Problem to solve> Keep the wording of each record exactly the same when you repeat it, and leave out pictures.

Dataset records:
»»
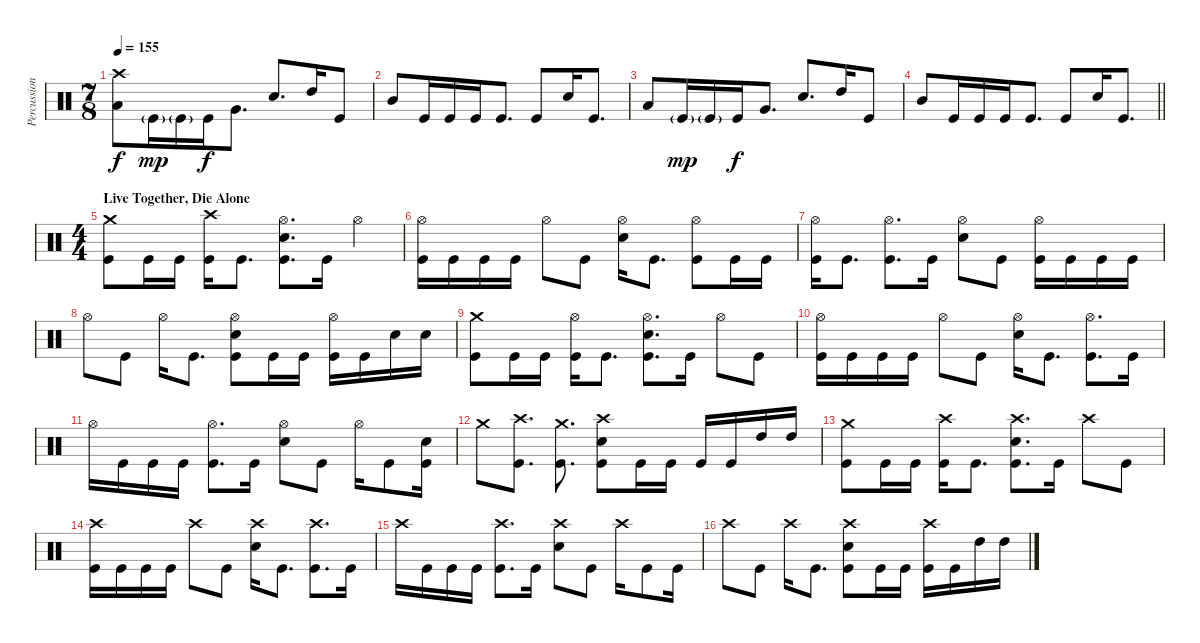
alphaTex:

\track ("Percussion" "Percussion") {instrument percussion}
\staff {score}
\articulation defaults
\ts (7 8)
\tempo 155
\clef neutral
\ks c
("Crash high (hit)" "Low Floor Tom (hit)").8{dy f} "Kick (hit)"{g}.16{dy mp} "Kick (hit)"{g}.16 "Kick (hit)".16{dy f} "Very Low Tom (hit)".8{d} "Electric Snare (hit)".8{d} "High Tom (hit)".16 "Kick (hit)".8 |
"Mid Tom (hit)".8 "Kick (hit)".16 "Kick (hit)".16 "Kick (hit)".16 "Kick (hit)".8{d} "Kick (hit)".8 "Electric Snare (hit)".16 "Kick (hit)".8{d} |
"Low Floor Tom (hit)".8 "Kick (hit)"{g}.16{dy mp} "Kick (hit)"{g}.16 "Kick (hit)".16{dy f} "Very Low Tom (hit)".8{d} "Electric Snare (hit)".8{d} "High Tom (hit)".16 "Kick (hit)".8 |
\barLineRight lightlight "Mid Tom (hit)".8 "Kick (hit)".16 "Kick (hit)".16 "Kick (hit)".16 "Kick (hit)".8{d} "Kick (hit)".8 "Electric Snare (hit)".16 "Kick (hit)".8{d}
|
\ts (4 4)
\section ("" "Live Together, Die Alone")
("Crash medium (hit)" "Kick (hit)").8 "Kick (hit)".16 "Kick (hit)".16 ("Crash high (hit)" "Kick (hit)").16 "Kick (hit)".8{d} ("Hi-Hat (open)" "Electric Snare (hit)" "Kick (hit)").8{d} "Kick (hit)".16 "Hi-Hat (open)".4 |
("Hi-Hat (open)" "Kick (hit)").16 "Kick (hit)".16 "Kick (hit)".16 "Kick (hit)".16 "Hi-Hat (open)".8 "Kick (hit)".8 ("Hi-Hat (open)" "Electric Snare (hit)").16 "Kick (hit)".8{d} ("Hi-Hat (open)" "Kick (hit)").8 "Kick (hit)".16 "Kick (hit)".16 |
("Hi-Hat (open)" "Kick (hit)").16 "Kick (hit)".8{d} ("Hi-Hat (open)" "Kick (hit)").8{d} "Kick (hit)".16 ("Hi-Hat (open)" "Electric Snare (hit)").8 "Kick (hit)".8 ("Hi-Hat (open)" "Kick (hit)").16 "Kick (hit)".16 "Kick (hit)".16 "Kick (hit)".16 |
"Hi-Hat (open)".8 "Kick (hit)".8 "Hi-Hat (open)".16 "Kick (hit)".8{d} ("Hi-Hat (open)" "Electric Snare (hit)" "Kick (hit)").8 "Kick (hit)".16 "Kick (hit)".16 ("Hi-Hat (open)" "Kick (hit)").16 "Kick (hit)".16 "Electric Snare (hit)".16 "Electric Snare (hit)".16 |
("Crash medium (hit)" "Kick (hit)").8 "Kick (hit)".16 "Kick (hit)".16 ("Hi-Hat (open)" "Kick (hit)").16 "Kick (hit)".8{d} ("Hi-Hat (open)" "Electric Snare (hit)" "Kick (hit)").8{d} "Kick (hit)".16 "Hi-Hat (open)".8 "Kick (hit)".8 |
("Hi-Hat (open)" "Kick (hit)").16 "Kick (hit)".16 "Kick (hit)".16 "Kick (hit)".16 "Hi-Hat (open)".8 "Kick (hit)".8 ("Hi-Hat (open)" "Electric Snare (hit)").16 "Kick (hit)".8{d} ("Hi-Hat (open)" "Kick (hit)").8{d} "Kick (hit)".16 |
"Hi-Hat (open)".16 "Kick (hit)".16 "Kick (hit)".16 "Kick (hit)".16 ("Hi-Hat (open)" "Kick (hit)").8{d} "Kick (hit)".16 ("Hi-Hat (open)" "Electric Snare (hit)").8 "Kick (hit)".8 "Hi-Hat (open)".16 "Kick (hit)".8 ("Electric Snare (hit)" "Kick (hit)").16 |
"Crash medium (hit)".8 ("Crash high (hit)" "Kick (hit)").8{d} ("Crash medium (hit)" "Kick (hit)").8{d} ("Crash high (hit)" "Electric Snare (hit)" "Kick (hit)").8 "Kick (hit)".16 "Kick (hit)".16 "Kick (hit)".16 "Kick (hit)".16 "High Tom (hit)".16 "High Tom (hit)".16 |
("Crash medium (hit)" "Kick (hit)").8 "Kick (hit)".16 "Kick (hit)".16 ("Crash high (hit)" "Kick (hit)").16 "Kick (hit)".8{d} ("Crash high (hit)" "Electric Snare (hit)" "Kick (hit)").8{d} "Kick (hit)".16 "Crash high (hit)".8 "Kick (hit)".8 |
("Crash high (hit)" "Kick (hit)").16 "Kick (hit)".16 "Kick (hit)".16 "Kick (hit)".16 "Crash high (hit)".8 "Kick (hit)".8 ("Crash high (hit)" "Electric Snare (hit)").16 "Kick (hit)".8{d} ("Crash high (hit)" "Kick (hit)").8{d} "Kick (hit)".16 |
"Crash high (hit)".16 "Kick (hit)".16 "Kick (hit)".16 "Kick (hit)".16 ("Crash high (hit)" "Kick (hit)").8{d} "Kick (hit)".16 ("Crash high (hit)" "Electric Snare (hit)").8 "Kick (hit)".8 "Crash high (hit)".16 "Kick (hit)".8 "Kick (hit)".16 |
"Crash high (hit)".8 "Kick (hit)".8 "Crash high (hit)".16 "Kick (hit)".8{d} ("Crash high (hit)" "Electric Snare (hit)" "Kick (hit)").8 "Kick (hit)".16 "Kick (hit)".16 ("Crash high (hit)" "Kick (hit)").16 "Kick (hit)".16 "High Tom (hit)".16 "High Tom (hit)".16
««
Solution to the problem>
alphaTex:

\track ("Percussion" "Percussion") {instrument percussion}
\staff {score}
\articulation defaults
\ts (7 8)
\tempo 155
\clef neutral
\ks c
("Crash high (hit)" "Low Floor Tom (hit)").8{dy f} "Kick (hit)"{g}.16{dy mp} "Kick (hit)"{g}.16 "Kick (hit)".16{dy f} "Very Low Tom (hit)".8{d} "Electric Snare (hit)".8{d} "High Tom (hit)".16 "Kick (hit)".8 |
"Mid Tom (hit)".8 "Kick (hit)".16 "Kick (hit)".16 "Kick (hit)".16 "Kick (hit)".8{d} "Kick (hit)".8 "Electric Snare (hit)".16 "Kick (hit)".8{d} |
"Low Floor Tom (hit)".8 "Kick (hit)"{g}.16{dy mp} "Kick (hit)"{g}.16 "Kick (hit)".16{dy f} "Very Low Tom (hit)".8{d} "Electric Snare (hit)".8{d} "High Tom (hit)".16 "Kick (hit)".8 |
\barLineRight lightlight "Mid Tom (hit)".8 "Kick (hit)".16 "Kick (hit)".16 "Kick (hit)".16 "Kick (hit)".8{d} "Kick (hit)".8 "Electric Snare (hit)".16 "Kick (hit)".8{d}
|
\ts (4 4)
\section ("" "Live Together, Die Alone")
("Crash medium (hit)" "Kick (hit)").8 "Kick (hit)".16 "Kick (hit)".16 ("Crash high (hit)" "Kick (hit)").16 "Kick (hit)".8{d} ("Hi-Hat (open)" "Electric Snare (hit)" "Kick (hit)").8{d} "Kick (hit)".16 "Hi-Hat (open)".4 |
("Hi-Hat (open)" "Kick (hit)").16 "Kick (hit)".16 "Kick (hit)".16 "Kick (hit)".16 "Hi-Hat (open)".8 "Kick (hit)".8 ("Hi-Hat (open)" "Electric Snare (hit)").16 "Kick (hit)".8{d} ("Hi-Hat (open)" "Kick (hit)").8 "Kick (hit)".16 "Kick (hit)".16 |
("Hi-Hat (open)" "Kick (hit)").16 "Kick (hit)".8{d} ("Hi-Hat (open)" "Kick (hit)").8{d} "Kick (hit)".16 ("Hi-Hat (open)" "Electric Snare (hit)").8 "Kick (hit)".8 ("Hi-Hat (open)" "Kick (hit)").16 "Kick (hit)".16 "Kick (hit)".16 "Kick (hit)".16 |
"Hi-Hat (open)".8 "Kick (hit)".8 "Hi-Hat (open)".16 "Kick (hit)".8{d} ("Hi-Hat (open)" "Electric Snare (hit)" "Kick (hit)").8 "Kick (hit)".16 "Kick (hit)".16 ("Hi-Hat (open)" "Kick (hit)").16 "Kick (hit)".16 "Electric Snare (hit)".16 "Electric Snare (hit)".16 |
("Crash medium (hit)" "Kick (hit)").8 "Kick (hit)".16 "Kick (hit)".16 ("Hi-Hat (open)" "Kick (hit)").16 "Kick (hit)".8{d} ("Hi-Hat (open)" "Electric Snare (hit)" "Kick (hit)").8{d} "Kick (hit)".16 "Hi-Hat (open)".8 "Kick (hit)".8 |
("Hi-Hat (open)" "Kick (hit)").16 "Kick (hit)".16 "Kick (hit)".16 "Kick (hit)".16 "Hi-Hat (open)".8 "Kick (hit)".8 ("Hi-Hat (open)" "Electric Snare (hit)").16 "Kick (hit)".8{d} ("Hi-Hat (open)" "Kick (hit)").8{d} "Kick (hit)".16 |
"Hi-Hat (open)".16 "Kick (hit)".16 "Kick (hit)".16 "Kick (hit)".16 ("Hi-Hat (open)" "Kick (hit)").8{d} "Kick (hit)".16 ("Hi-Hat (open)" "Electric Snare (hit)").8 "Kick (hit)".8 "Hi-Hat (open)".16 "Kick (hit)".8 ("Electric Snare (hit)" "Kick (hit)").16 |
"Crash medium (hit)".8 ("Crash high (hit)" "Kick (hit)").8{d} ("Crash medium (hit)" "Kick (hit)").8{d} ("Crash high (hit)" "Electric Snare (hit)" "Kick (hit)").8 "Kick (hit)".16 "Kick (hit)".16 "Kick (hit)".16 "Kick (hit)".16 "High Tom (hit)".16 "High Tom (hit)".16 |
("Crash medium (hit)" "Kick (hit)").8 "Kick (hit)".16 "Kick (hit)".16 ("Crash high (hit)" "Kick (hit)").16 "Kick (hit)".8{d} ("Crash high (hit)" "Electric Snare (hit)" "Kick (hit)").8{d} "Kick (hit)".16 "Crash high (hit)".8 "Kick (hit)".8 |
("Crash high (hit)" "Kick (hit)").16 "Kick (hit)".16 "Kick (hit)".16 "Kick (hit)".16 "Crash high (hit)".8 "Kick (hit)".8 ("Crash high (hit)" "Electric Snare (hit)").16 "Kick (hit)".8{d} ("Crash high (hit)" "Kick (hit)").8{d} "Kick (hit)".16 |
"Crash high (hit)".16 "Kick (hit)".16 "Kick (hit)".16 "Kick (hit)".16 ("Crash high (hit)" "Kick (hit)").8{d} "Kick (hit)".16 ("Crash high (hit)" "Electric Snare (hit)").8 "Kick (hit)".8 "Crash high (hit)".16 "Kick (hit)".8 "Kick (hit)".16 |
"Crash high (hit)".8 "Kick (hit)".8 "Crash high (hit)".16 "Kick (hit)".8{d} ("Crash high (hit)" "Electric Snare (hit)" "Kick (hit)").8 "Kick (hit)".16 "Kick (hit)".16 ("Crash high (hit)" "Kick (hit)").16 "Kick (hit)".16 "High Tom (hit)".16 "High Tom (hit)".16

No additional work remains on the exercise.